In 1978 the book was made into an ABC Afterschool Special. A tearjerker, the short movie was shot in black and white, a period piece that makes seamless use of vintage game film of Robinson in action. Thematically the content of the book and film deals with the illness and death of a loved one. Today this alone may warrant a trigger warning; however, such experiences are not unfamiliar to children who have lost a grandparent or parent at a young age. Rationale for the book’s exclusion from school libraries is absent.
More baffling is the review de-shelving Sharon Robinson’s account of her father’s lifelong friendship with a young Jewish neighbor, Steven Satlow. The Hero Two Doors Down (2016) takes some literary license with the details but, Robinson writes, “During these troubling times of global, racial, cultural, and religious unrest, I decided that this classic story of friendship needed to be shared with the next generation of readers.” The story of the first encounter between her parents and Steven’s family was initially the topic of her earlier children’s book Jackie’s Gift: A True Story of Christmas, Hanukkah and Jackie Robinson (2010) and appears in this one as well. Robinson explained in an interview, “Neither my father nor my mother understood that Jews did not have Christmas trees on Christmas Eve. So, when they heard that Steve didn’t have one, dad said, okay, and he went out and brought a Christmas tree and met Steve’s mom for the first time.” This awkward moment in the late 1940s resulted in an enduring interreligious dialogue and friendship between the families that continues to this day.
Among the Nimitz Library holdings is Two Pioneers: How Hank Greenberg and Jackie Robinson Transformed Baseball—and America. Whether or not this book made the list of 900 is currently unknown; however, the removal of Memorializing the Holocaust : Gender, Genocide and Collective Memory should certainly raise suspicions about the criteria employed. Amnesia ensures that historic connections between racism and antisemitism cannot foster alliances among the oppressed.
These days, Jackie Robinson’s life and actions are considered dangerous memories. His own words in the preface of his 1972 autobiography, published in the month of his death, still hit home:
As I write this twenty years later, I cannot stand and sing the anthem. I cannot salute the flag; I know that I am a black man in a white world. In 1972, in 1947, at my birth in 1919, I know that I never had it made.

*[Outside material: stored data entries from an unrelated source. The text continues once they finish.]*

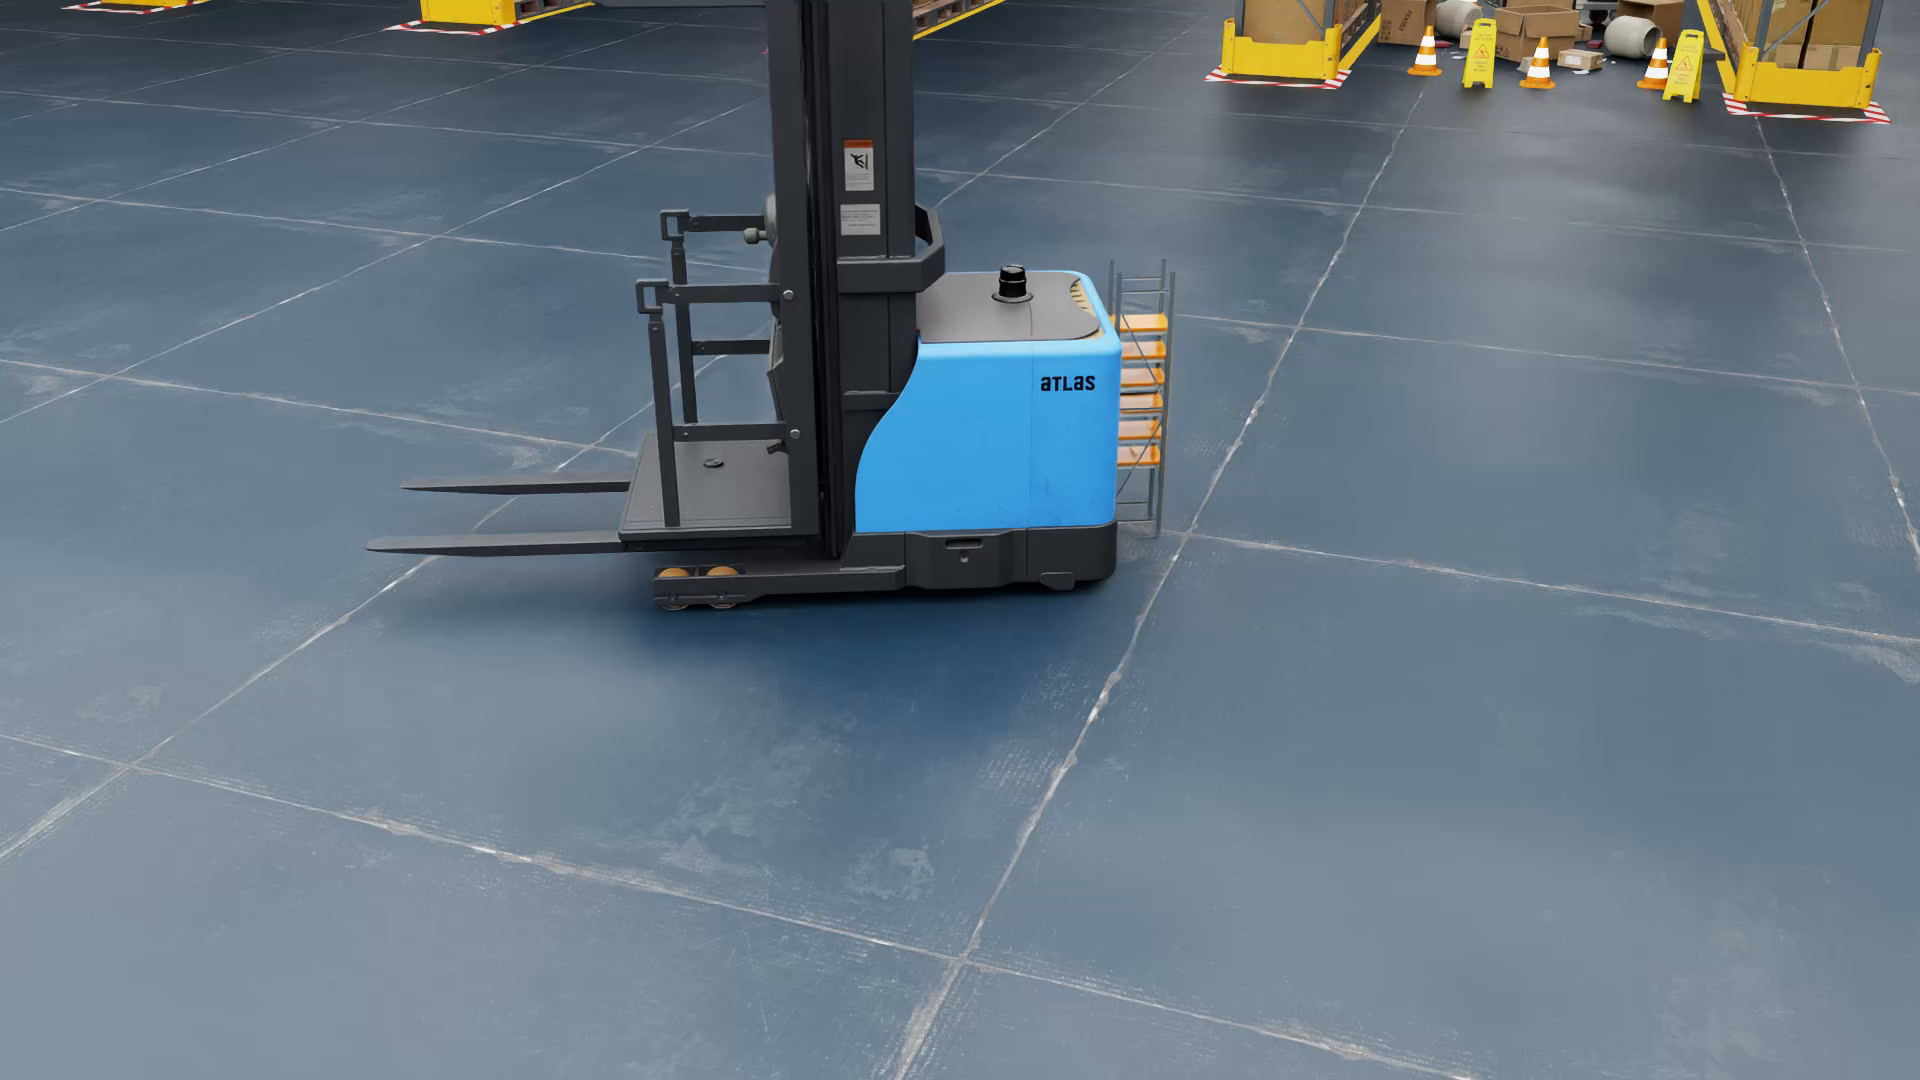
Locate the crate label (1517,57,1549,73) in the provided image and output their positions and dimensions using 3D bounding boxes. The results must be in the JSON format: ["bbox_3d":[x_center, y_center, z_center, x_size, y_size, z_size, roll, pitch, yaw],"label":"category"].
[{"bbox_3d":[5.987,-4.950,17.317,0.250,0.136,0.298,-5,26,-9],"label":"crate label"}]

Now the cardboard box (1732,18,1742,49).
[{"bbox_3d":[8.381,-5.272,17.370,0.500,0.250,0.500,8,27,16],"label":"cardboard box"}]

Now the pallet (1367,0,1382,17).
[{"bbox_3d":[4.833,-6.915,21.289,1.003,0.211,1.213,9,27,17],"label":"pallet"}]

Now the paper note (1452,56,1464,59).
[{"bbox_3d":[5.425,-5.242,18.043,0.144,0.017,0.142,20,32,35],"label":"paper note"}]

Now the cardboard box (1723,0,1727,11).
[{"bbox_3d":[9.521,-6.388,19.534,0.950,0.372,0.625,9,27,18],"label":"cardboard box"}]

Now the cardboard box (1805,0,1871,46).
[{"bbox_3d":[8.554,-5.112,16.179,0.500,0.500,0.500,8,27,16],"label":"cardboard box"}]

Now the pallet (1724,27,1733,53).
[{"bbox_3d":[9.158,-5.629,18.634,1.003,0.211,1.213,9,27,17],"label":"pallet"}]

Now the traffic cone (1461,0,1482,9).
[{"bbox_3d":[6.517,-7.032,21.243,0.336,0.463,0.334,9,27,17],"label":"traffic cone"}]

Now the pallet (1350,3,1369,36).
[{"bbox_3d":[4.320,-6.286,19.990,1.003,0.211,1.213,9,27,17],"label":"pallet"}]

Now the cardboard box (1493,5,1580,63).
[{"bbox_3d":[6.214,-5.487,18.005,0.797,0.503,0.637,-9,27,-18],"label":"cardboard box"}]

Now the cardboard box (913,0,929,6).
[{"bbox_3d":[-0.712,-6.782,20.202,0.500,0.500,0.500,11,28,22],"label":"cardboard box"}]

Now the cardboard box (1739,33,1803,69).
[{"bbox_3d":[8.041,-4.854,16.507,0.500,0.250,0.500,9,27,17],"label":"cardboard box"}]

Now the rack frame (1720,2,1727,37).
[{"bbox_3d":[9.348,-7.165,18.607,1.000,3.000,0.127,9,27,17],"label":"rack frame"}]

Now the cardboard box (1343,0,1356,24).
[{"bbox_3d":[4.075,-6.455,19.097,0.875,0.875,0.875,9,27,18],"label":"cardboard box"}]

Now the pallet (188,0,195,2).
[{"bbox_3d":[-10.453,-7.462,22.420,1.003,0.211,1.213,9,27,17],"label":"pallet"}]

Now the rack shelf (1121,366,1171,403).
[{"bbox_3d":[0.748,-0.655,7.053,0.258,0.103,0.180,-2,26,-5],"label":"rack shelf"}]

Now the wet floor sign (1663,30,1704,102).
[{"bbox_3d":[6.945,-4.539,15.885,0.267,0.644,0.232,20,32,35],"label":"wet floor sign"}]

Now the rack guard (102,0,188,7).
[{"bbox_3d":[-10.676,-7.262,21.675,1.175,0.500,0.348,9,27,17],"label":"rack guard"}]

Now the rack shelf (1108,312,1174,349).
[{"bbox_3d":[0.748,-0.871,6.949,0.258,0.103,0.180,-2,26,-5],"label":"rack shelf"}]

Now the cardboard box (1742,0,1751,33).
[{"bbox_3d":[8.208,-5.393,16.759,0.500,0.500,0.500,10,28,19],"label":"cardboard box"}]

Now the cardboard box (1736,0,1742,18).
[{"bbox_3d":[8.556,-5.817,17.634,0.500,0.500,0.500,10,28,20],"label":"cardboard box"}]

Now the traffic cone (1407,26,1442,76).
[{"bbox_3d":[4.832,-5.069,17.187,0.336,0.463,0.334,9,27,17],"label":"traffic cone"}]

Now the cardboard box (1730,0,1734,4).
[{"bbox_3d":[8.897,-6.251,18.532,0.500,0.500,0.500,10,28,20],"label":"cardboard box"}]

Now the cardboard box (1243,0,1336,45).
[{"bbox_3d":[3.479,-5.719,17.576,0.875,0.875,0.875,9,27,18],"label":"cardboard box"}]

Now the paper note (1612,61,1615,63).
[{"bbox_3d":[6.999,-5.118,17.810,0.032,0.001,0.123,9,27,17],"label":"paper note"}]

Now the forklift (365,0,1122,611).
[{"bbox_3d":[-0.901,-1.276,6.522,3.031,2.935,1.130,-2,26,-4],"label":"forklift"}]

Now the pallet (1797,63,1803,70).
[{"bbox_3d":[8.346,-4.627,16.563,1.003,0.211,1.213,9,27,17],"label":"pallet"}]

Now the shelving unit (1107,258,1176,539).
[{"bbox_3d":[0.748,-0.587,7.086,0.258,1.200,0.189,-2,26,-5],"label":"shelving unit"}]

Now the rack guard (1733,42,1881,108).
[{"bbox_3d":[8.043,-4.428,15.821,1.175,0.500,0.348,9,27,17],"label":"rack guard"}]

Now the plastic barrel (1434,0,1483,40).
[{"bbox_3d":[5.716,-5.994,19.143,0.421,0.421,0.512,-14,29,-27],"label":"plastic barrel"}]

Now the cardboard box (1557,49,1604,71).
[{"bbox_3d":[6.548,-5.070,17.550,0.250,0.149,0.380,-20,33,-36],"label":"cardboard box"}]

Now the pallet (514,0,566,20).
[{"bbox_3d":[-5.742,-6.793,21.038,1.003,0.211,1.213,9,27,17],"label":"pallet"}]

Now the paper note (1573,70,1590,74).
[{"bbox_3d":[6.455,-4.863,17.258,0.148,0.019,0.142,0,26,-1],"label":"paper note"}]

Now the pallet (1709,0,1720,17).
[{"bbox_3d":[10.010,-6.734,20.915,1.003,0.211,1.213,9,27,17],"label":"pallet"}]

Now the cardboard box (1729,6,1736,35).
[{"bbox_3d":[8.730,-5.693,18.239,0.500,0.250,0.500,10,28,20],"label":"cardboard box"}]

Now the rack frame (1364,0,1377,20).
[{"bbox_3d":[4.647,-7.842,20.004,1.000,3.000,0.127,9,27,17],"label":"rack frame"}]

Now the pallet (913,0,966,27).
[{"bbox_3d":[-0.591,-6.563,20.564,1.003,0.211,1.213,9,27,17],"label":"pallet"}]

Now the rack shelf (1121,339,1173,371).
[{"bbox_3d":[0.748,-0.763,7.001,0.258,0.103,0.180,-2,26,-5],"label":"rack shelf"}]

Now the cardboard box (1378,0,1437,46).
[{"bbox_3d":[5.098,-5.931,18.923,0.500,0.500,0.500,14,29,26],"label":"cardboard box"}]

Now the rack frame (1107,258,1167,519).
[{"bbox_3d":[0.739,-0.627,7.168,0.240,1.200,0.006,-2,26,-5],"label":"rack frame"}]

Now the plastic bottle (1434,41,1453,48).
[{"bbox_3d":[5.390,-5.573,18.690,0.283,0.061,0.133,0,26,-1],"label":"plastic bottle"}]
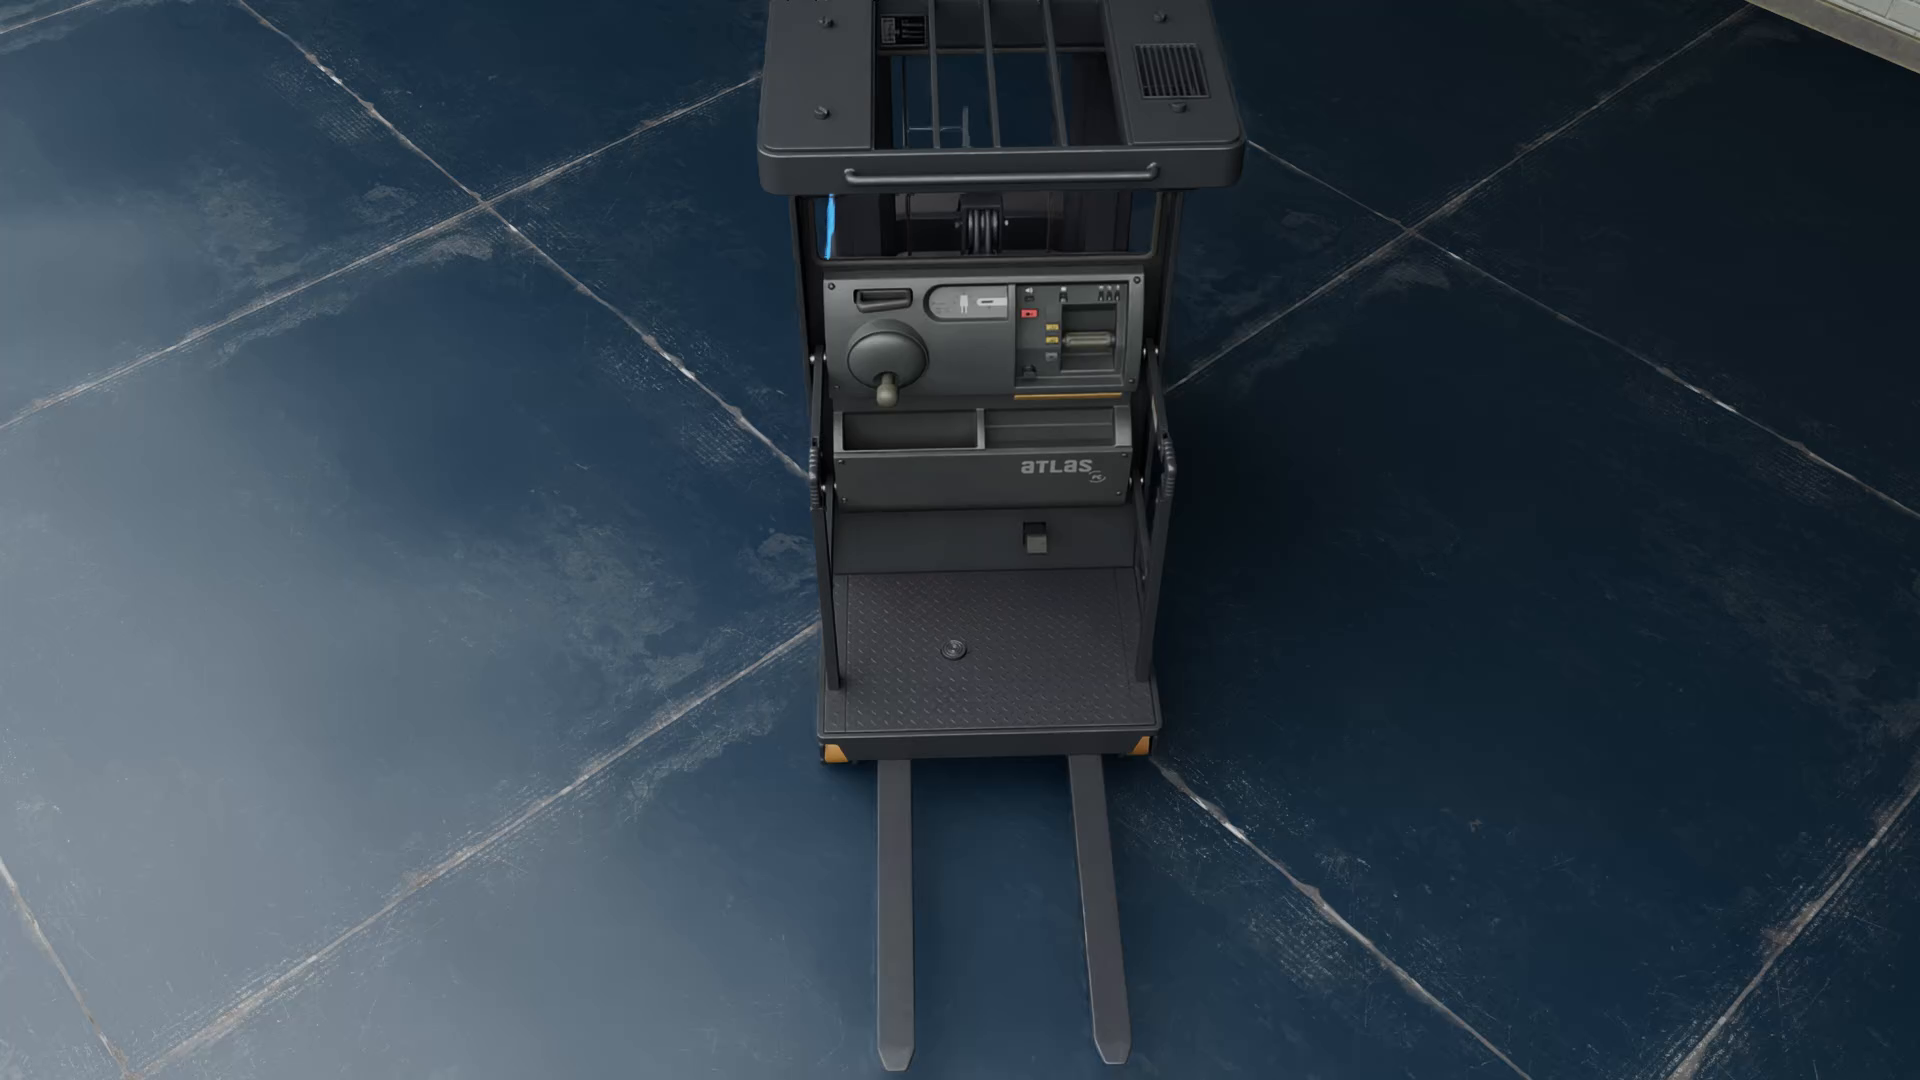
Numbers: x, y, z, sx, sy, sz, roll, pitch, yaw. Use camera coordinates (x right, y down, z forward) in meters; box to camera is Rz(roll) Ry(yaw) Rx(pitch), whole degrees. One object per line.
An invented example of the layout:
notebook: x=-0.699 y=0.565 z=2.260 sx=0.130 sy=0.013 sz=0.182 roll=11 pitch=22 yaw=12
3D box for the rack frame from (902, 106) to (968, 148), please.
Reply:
rack frame: x=-0.090 y=-1.169 z=6.512 sx=0.240 sy=1.200 sz=0.006 roll=-2 pitch=46 yaw=-1

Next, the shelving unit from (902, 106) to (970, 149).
shelving unit: x=-0.087 y=-1.103 z=6.449 sx=0.258 sy=1.200 sz=0.189 roll=-2 pitch=46 yaw=-1

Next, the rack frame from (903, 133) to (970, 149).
rack frame: x=-0.083 y=-1.037 z=6.385 sx=0.240 sy=1.200 sz=0.006 roll=-2 pitch=46 yaw=-1

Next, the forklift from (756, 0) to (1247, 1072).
forklift: x=0.080 y=-0.495 z=4.713 sx=1.130 sy=2.935 sz=3.031 roll=-1 pitch=47 yaw=-1
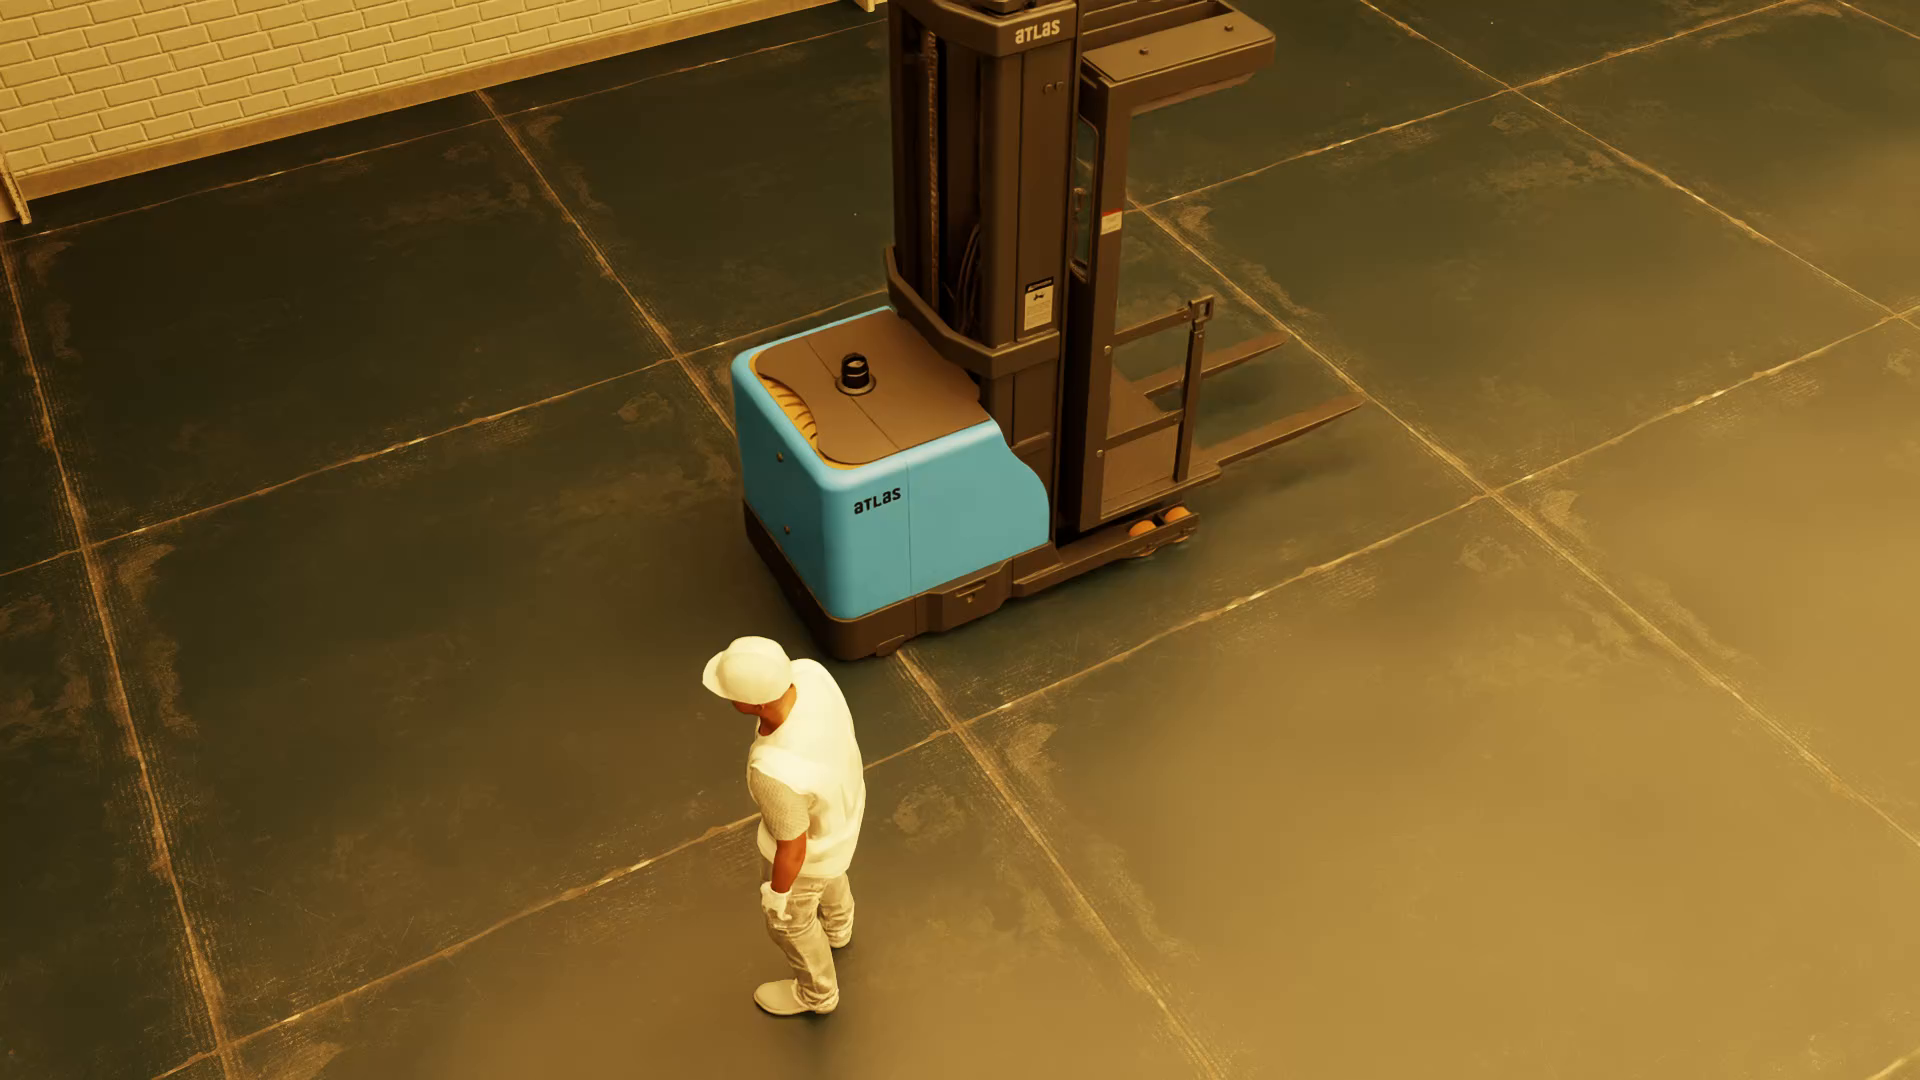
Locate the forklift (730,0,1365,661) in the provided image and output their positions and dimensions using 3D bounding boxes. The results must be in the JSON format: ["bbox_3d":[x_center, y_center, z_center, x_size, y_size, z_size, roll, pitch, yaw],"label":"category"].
[{"bbox_3d":[0.534,-1.292,7.091,3.031,2.935,1.130,-21,47,-21],"label":"forklift"}]

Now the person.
[{"bbox_3d":[-0.546,0.951,5.527,0.453,1.772,0.617,6,43,7],"label":"person"}]

On April 15, 2004, Major League Baseball inaugurated Jackie Robinson Day, marking his crossing of the color line with his 1947 debut as a Brooklyn Dodger. Commemorated annually across baseball, the most visible ritual of the day is the wearing of the number “42” (Robinson’s jersey number) by all players and on-field personnel, including umpires. In some ways, this memorializing functions both as an institutional mea culpa and as a discomforting reminder of the price to be paid for choosing amnesia over unadulterated truth. In an age of legislated amnesia, remembrance is resistance—in classrooms, libraries, parks, museums, even on the fields of play.